Hadoop is a framework written in Java for running applications on large clusters of commodity hardware and incorporates features comparable to those of the Google File System (GFS) and of the MapReduce computing paradigm. Hadoop’s HDFS is a highly fault-tolerant distributed file system and, like Hadoop in general, designed to be deployed on low-cost hardware. It provides high throughput access to application data and is suitable for applications that have large data sets.
Hadoop was sponsored by Apache Software Foundation. It is a Cluster data Management Project (CDMP). Hadoop is a Java-based framework which manages the large data sets among the group of cluster machines. It is very hard to configure the Cluster with Hadoop. But we can also install Hadoop on a single machine to perform some basic operations.
Hadoop may appear single software but it has a lot of components following it.
Hadoop Common: We can say this as a big library which consists of utilities and libraries to support other Hadoop modules.

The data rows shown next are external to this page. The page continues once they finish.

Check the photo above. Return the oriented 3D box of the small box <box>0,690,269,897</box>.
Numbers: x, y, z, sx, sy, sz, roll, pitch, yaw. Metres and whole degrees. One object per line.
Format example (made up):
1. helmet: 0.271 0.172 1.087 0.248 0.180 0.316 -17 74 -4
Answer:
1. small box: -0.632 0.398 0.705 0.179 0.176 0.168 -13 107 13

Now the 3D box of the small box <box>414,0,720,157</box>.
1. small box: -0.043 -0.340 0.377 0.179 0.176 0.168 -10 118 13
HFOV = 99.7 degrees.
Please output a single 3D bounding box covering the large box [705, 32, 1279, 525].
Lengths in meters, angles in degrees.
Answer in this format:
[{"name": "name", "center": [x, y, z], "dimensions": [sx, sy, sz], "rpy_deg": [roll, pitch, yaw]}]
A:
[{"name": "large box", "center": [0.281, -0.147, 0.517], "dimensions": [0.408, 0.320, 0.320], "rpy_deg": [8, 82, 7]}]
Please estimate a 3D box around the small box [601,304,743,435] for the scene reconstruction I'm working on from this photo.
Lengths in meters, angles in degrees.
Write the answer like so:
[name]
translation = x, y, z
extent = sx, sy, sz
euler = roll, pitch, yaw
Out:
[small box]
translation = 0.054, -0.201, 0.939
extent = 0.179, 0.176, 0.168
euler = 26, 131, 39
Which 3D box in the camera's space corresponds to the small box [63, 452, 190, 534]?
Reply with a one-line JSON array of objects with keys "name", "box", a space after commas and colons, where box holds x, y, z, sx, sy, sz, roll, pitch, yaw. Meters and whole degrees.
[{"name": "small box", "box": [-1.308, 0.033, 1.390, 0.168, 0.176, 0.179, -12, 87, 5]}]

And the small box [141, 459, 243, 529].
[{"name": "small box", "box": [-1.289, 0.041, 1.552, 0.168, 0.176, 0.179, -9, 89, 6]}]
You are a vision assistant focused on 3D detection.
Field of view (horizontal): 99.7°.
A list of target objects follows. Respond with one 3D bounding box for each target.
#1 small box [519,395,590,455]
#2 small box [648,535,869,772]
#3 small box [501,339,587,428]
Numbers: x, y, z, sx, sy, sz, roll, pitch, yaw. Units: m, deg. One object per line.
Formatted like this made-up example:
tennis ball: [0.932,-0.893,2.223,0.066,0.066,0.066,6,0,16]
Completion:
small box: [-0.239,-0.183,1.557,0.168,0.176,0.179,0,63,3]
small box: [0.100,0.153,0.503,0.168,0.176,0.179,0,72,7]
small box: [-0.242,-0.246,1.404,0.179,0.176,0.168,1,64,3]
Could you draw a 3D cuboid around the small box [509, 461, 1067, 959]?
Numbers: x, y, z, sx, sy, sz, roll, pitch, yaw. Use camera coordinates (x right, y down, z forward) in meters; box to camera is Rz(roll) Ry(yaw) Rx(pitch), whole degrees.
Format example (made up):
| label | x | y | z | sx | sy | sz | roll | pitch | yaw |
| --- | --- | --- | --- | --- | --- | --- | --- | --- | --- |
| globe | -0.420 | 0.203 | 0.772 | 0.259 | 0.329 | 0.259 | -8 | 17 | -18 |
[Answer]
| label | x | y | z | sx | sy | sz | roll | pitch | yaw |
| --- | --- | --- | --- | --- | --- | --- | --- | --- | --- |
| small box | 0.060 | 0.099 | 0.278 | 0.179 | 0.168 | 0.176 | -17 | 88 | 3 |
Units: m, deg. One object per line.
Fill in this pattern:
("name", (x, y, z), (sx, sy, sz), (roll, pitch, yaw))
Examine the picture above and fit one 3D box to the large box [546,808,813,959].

HDFS: The Hadoop Distributed File system is responsible storing the data on the hard disk.
YARN: YARN is the open source distributed processing framework and it stands for Yet Another Resource Negotiator.
MapReduce: Map reduce is a model for generating and processing big data sets in the cluster using parallel and distributed algorithms.
This is the base model but there are many models available for the updated Hadoop version 2.0.
Installation Process (Java and Hadoop)
First, we have to update the java package list-
$ sudo apt-get update
After that install OpenJDK, the default Java Development Kit on Ubuntu 16.04-
$ sudo apt-get install default-jdk
Once the installation is done, let’s confirm the version and we will get the output-
$ java –version
openjdk version "1.8.0_91"
OpenJDK Runtime Environment (build 1.8.0_91-8u91-b14-3ubuntu1~16.04.1-b14)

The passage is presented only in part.